Chances are they will now. A quirk in the calendar and Constitution has seen to it that the Democrats will actually be in control of the Senate for the 17 days leading up to Bush's Inauguration. While no final votes will be taken before then, temporary Judiciary Committee chairman Patrick Leahy plans to open hearings on Ashcroft and may even call as a witness Ronnie White, the African-American judicial nominee whose candidacy Ashcroft famously torpedoed in 1999. White, the first black member of the Missouri Supreme Court, was Bill Clinton's choice for a federal district court seat. Ashcroft single-handedly built the opposition that crushed White, charging that his record showed "a tremendous bent toward criminal activity." It was the first time the full Senate rejected a judicial nominee since Robert Bork in 1987.
Civil rights groups cried foul and vowed revenge. "It really was a case of John Ashcroft misleading the U.S. Senate," says People for the American Way chief Ralph Neas. "Ronnie White wasn't anti- death penalty or pro-criminal." White had voted to uphold death penalties in 41 out of 59 capital cases that came before him, his allies noted. In most of the cases where he didn't uphold death sentences, he wasn't alone--the decision was unanimous. And in two of six cases in which White wrote for the majority upholding a death sentence, he did so over the dissent of justices appointed by Ashcroft.

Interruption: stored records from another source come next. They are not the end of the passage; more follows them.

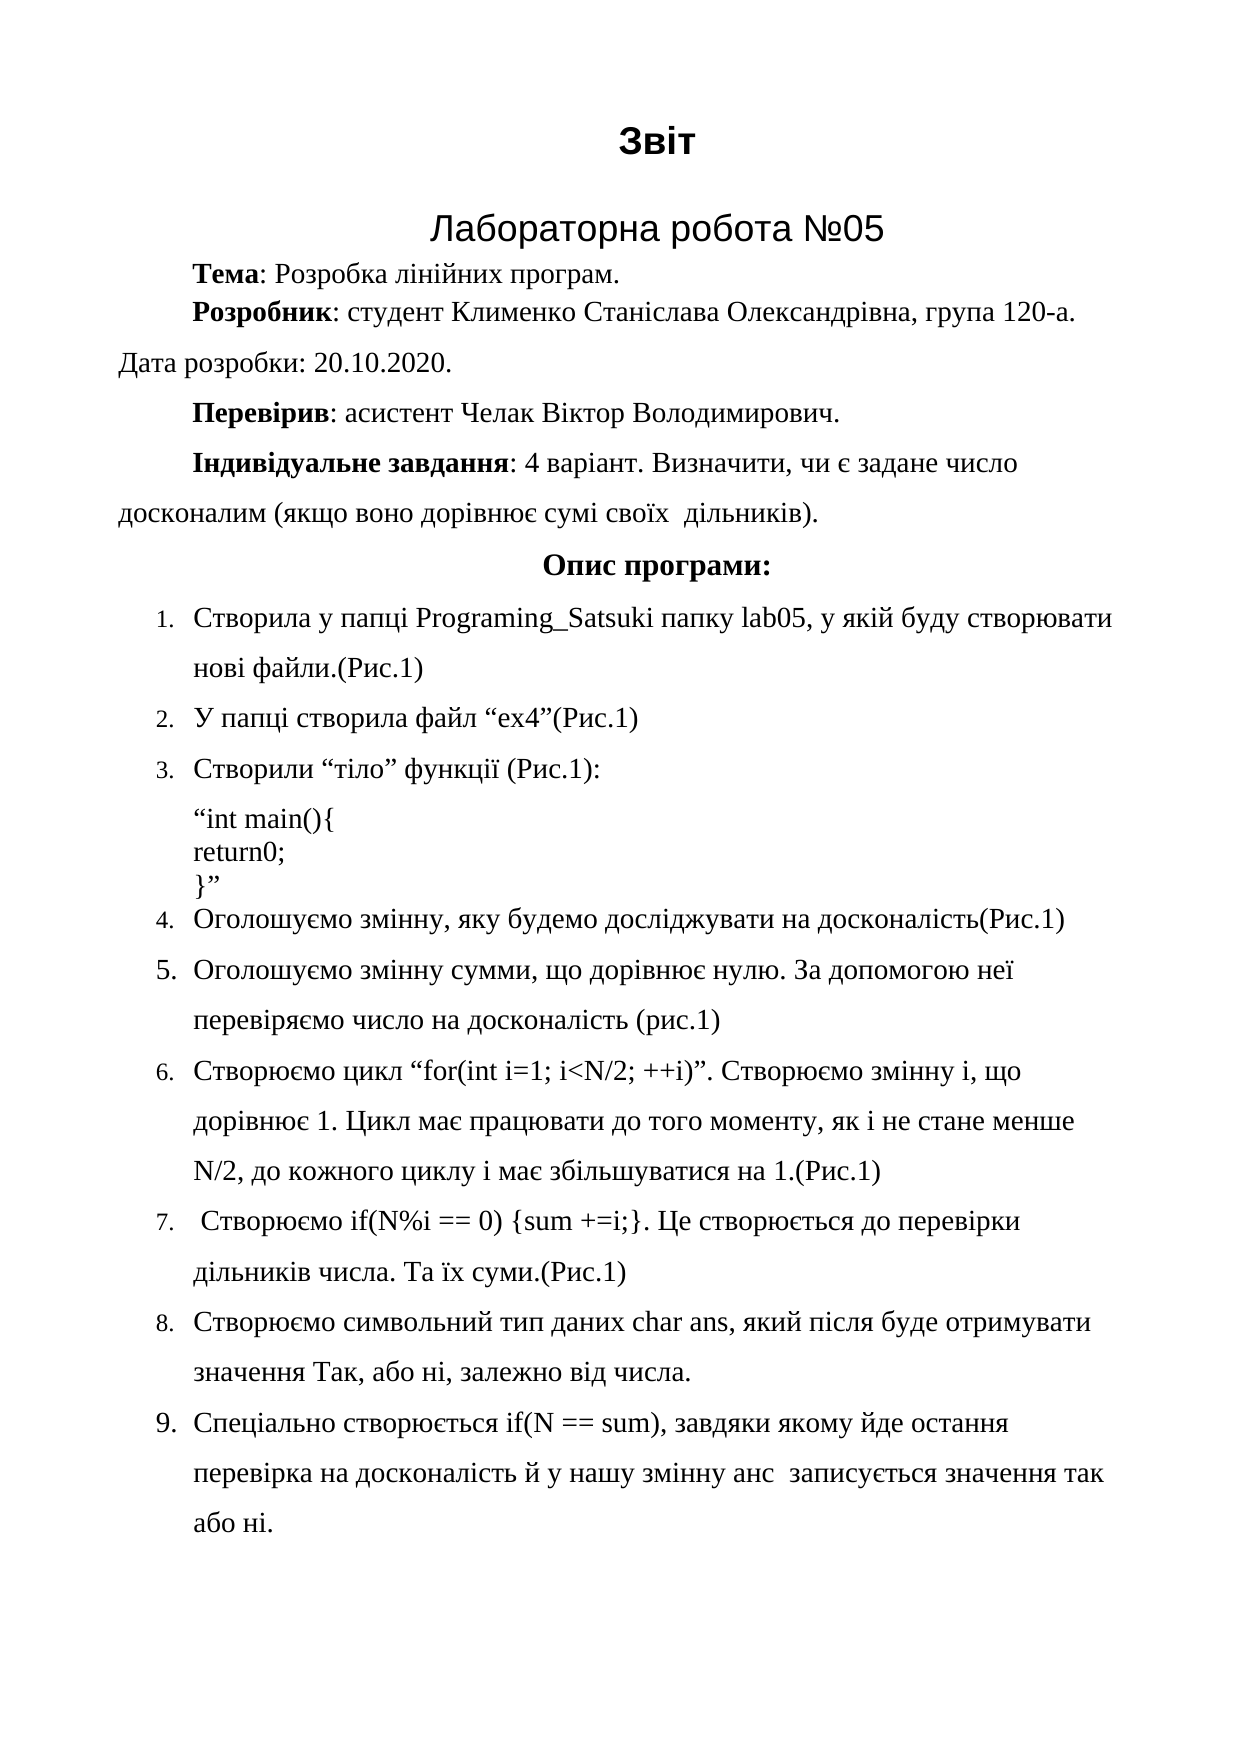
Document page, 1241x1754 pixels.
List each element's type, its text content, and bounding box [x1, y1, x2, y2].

text Тема: Розробка лінійних програм. [118, 256, 1122, 289]
list Оголошуємо змінну, яку будемо досліджувати на досконалість(Рис.1) [156, 902, 1122, 935]
list Створюємо символьний тип даних char ans, який після буде отримувати значення Так, або ні, залежно від числа. [156, 1304, 1122, 1388]
text Опис програми: [118, 546, 1122, 582]
text Перевірив: асистент Челак Віктор Володимирович. [118, 395, 1122, 428]
text Індивідуальне завдання: 4 варіант. Визначити, чи є задане число досконалим (якщо воно дорівнює сумі своїх дільників). [118, 445, 1122, 529]
text Звіт [118, 118, 1122, 195]
list Створюємо цикл “for(int i=1; i<N/2; ++i)”. Створюємо змінну і, що дорівнює 1. Цикл має працювати до того моменту, як і не стане менше N/2, до кожного циклу i має збільшуватися на 1.(Рис.1) [156, 1053, 1122, 1187]
text Розробник: студент Клименко Станіслава Олександрівна, група 120-а. Дата розробки: 20.10.2020. [118, 294, 1122, 378]
list Створили “тіло” функції (Рис.1): [156, 751, 1122, 784]
list Спеціально створюється if(N == sum), завдяки якому йде остання перевірка на досконалість й у нашу змінну анс записується значення так або ні. [156, 1405, 1122, 1539]
list Створила у папці Programing_Satsuki папку lab05, у якій буду створювати нові файли.(Рис.1) [156, 600, 1122, 684]
text Лабораторна робота №05 [118, 206, 1122, 249]
list return0; [156, 834, 1122, 868]
list “int main(){ [156, 801, 1122, 834]
list У папці створила файл “ex4”(Рис.1) [156, 700, 1122, 734]
list }” [156, 868, 1122, 902]
list Оголошуємо змінну сумми, що дорівнює нулю. За допомогою неї перевіряємо число на досконалість (рис.1) [156, 952, 1122, 1036]
list Створюємо if(N%i == 0) {sum +=i;}. Це створюється до перевірки дільників числа. Та їх суми.(Рис.1) [156, 1203, 1122, 1287]

But Ashcroft allies counter that Ashcroft could not ignore a case in which White was the lone vote to overturn a death penalty--the notorious case of Missouri cop killer James Johnson. In 1991 a sheriff's deputy arrived at Johnson's house after Johnson threatened his wife and daughter with a gun. Johnson shot the deputy in the back, then in the head. He then drove to the home of the local sheriff and shot the sheriff's wife five times during a holiday party; she died in front of her family. He wounded another deputy and killed two more outside the sheriff's office before he was captured. His insanity defense was unsuccessful, and the Supreme Court upheld the sentence. But in his dissent, Judge White argued that Johnson had been represented by incompetent counsel.